## Data excerpts
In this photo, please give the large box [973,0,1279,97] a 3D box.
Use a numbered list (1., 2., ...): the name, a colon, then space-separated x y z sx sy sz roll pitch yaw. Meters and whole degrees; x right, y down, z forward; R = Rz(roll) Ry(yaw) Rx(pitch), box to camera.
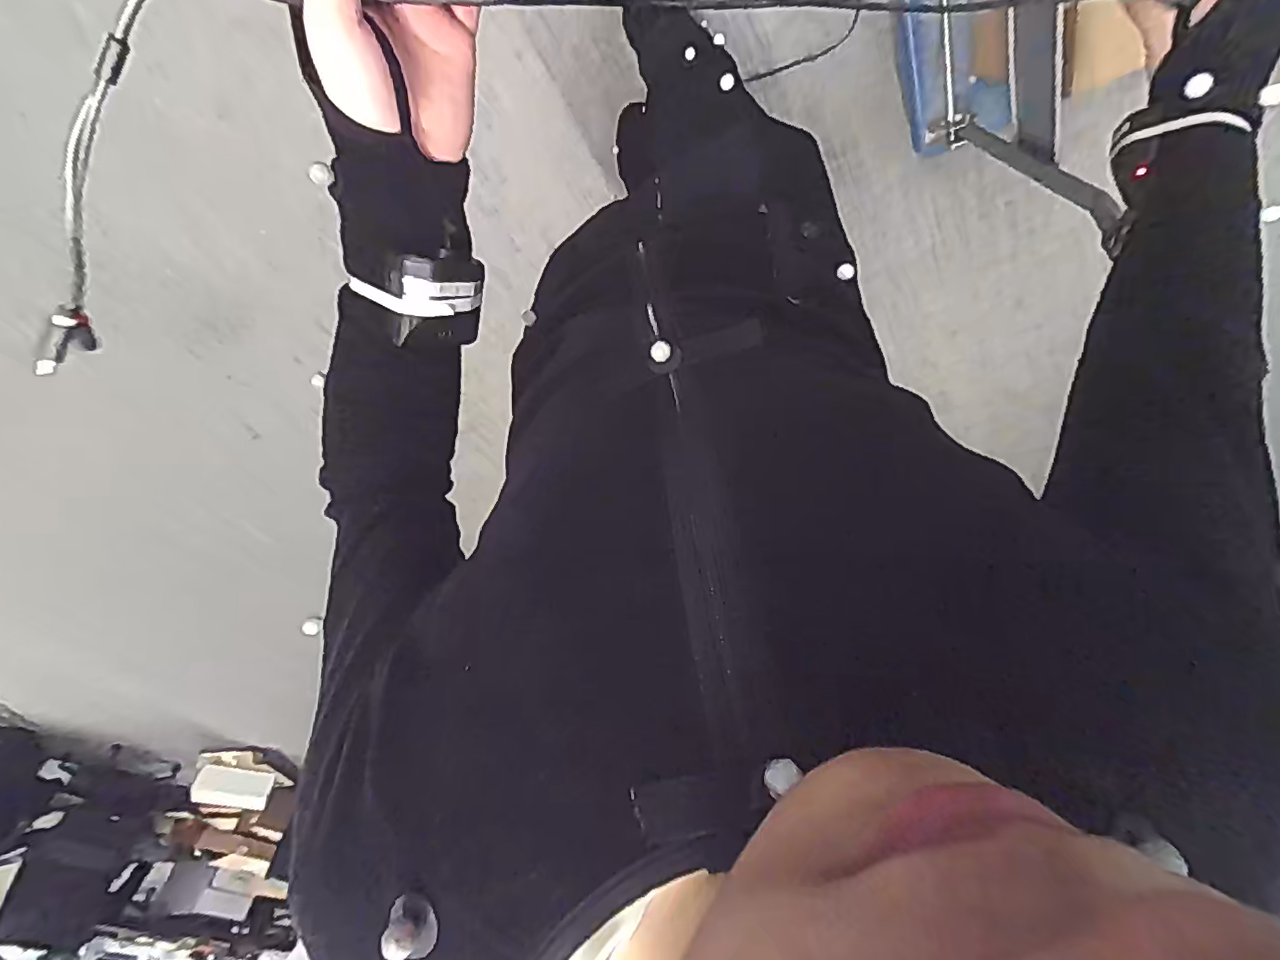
1. large box: 0.761 -0.843 0.787 0.408 0.320 0.320 -20 129 15
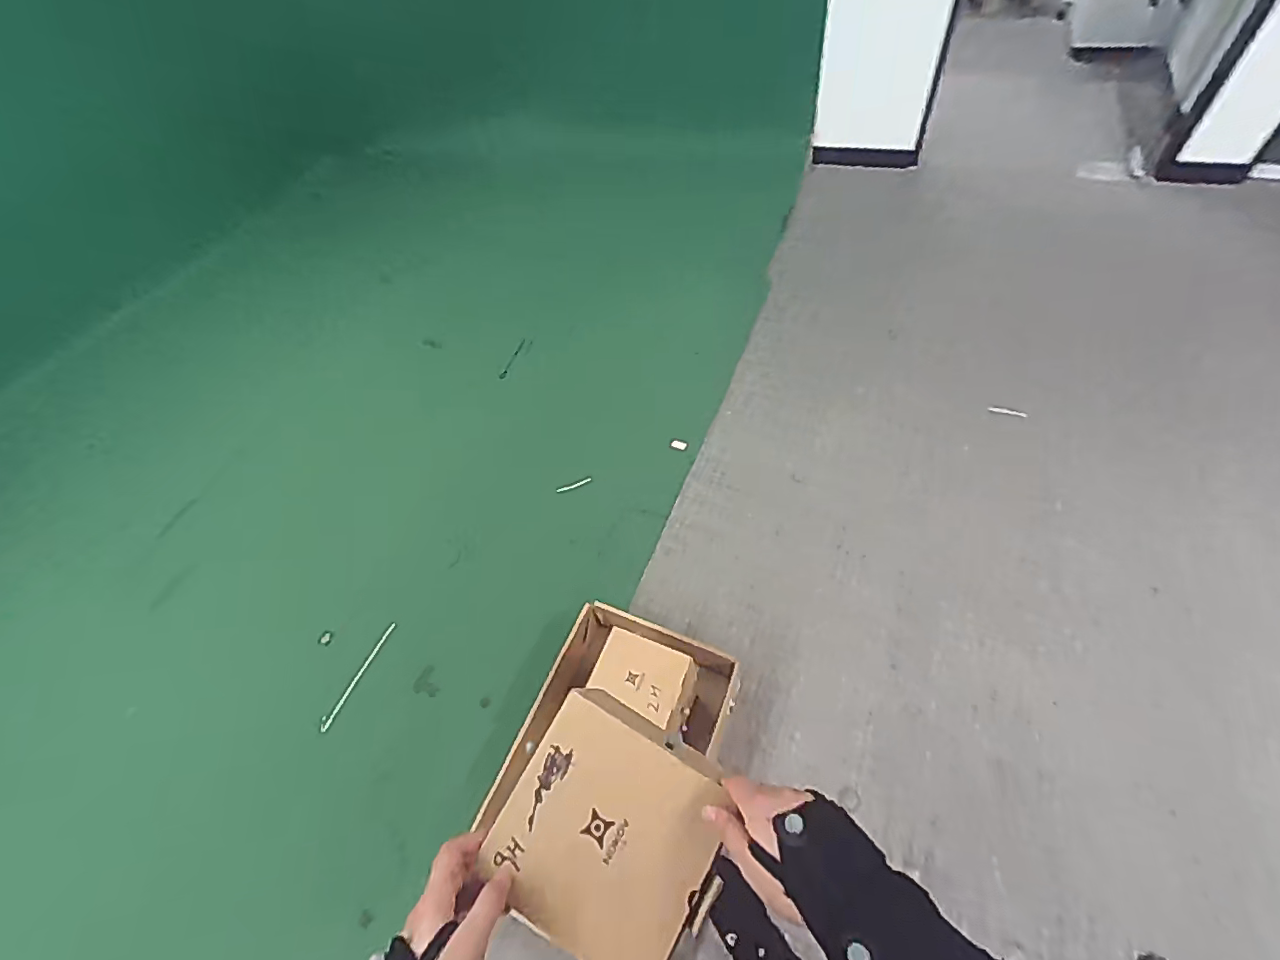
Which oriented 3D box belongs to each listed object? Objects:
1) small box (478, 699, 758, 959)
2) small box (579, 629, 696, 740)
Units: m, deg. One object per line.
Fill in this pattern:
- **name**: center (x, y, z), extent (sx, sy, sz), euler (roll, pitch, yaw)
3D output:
- **small box**: center (-0.013, 0.326, 0.513), extent (0.179, 0.176, 0.168), euler (29, 72, 14)
- **small box**: center (0.004, 0.430, 1.095), extent (0.179, 0.176, 0.168), euler (17, 61, 19)

## Directions
Search the records for the word "object". Copy every line that has it.

## Reply to the task
Which oriented 3D box belongs to each listed object? Objects:
Units: m, deg. One object per line.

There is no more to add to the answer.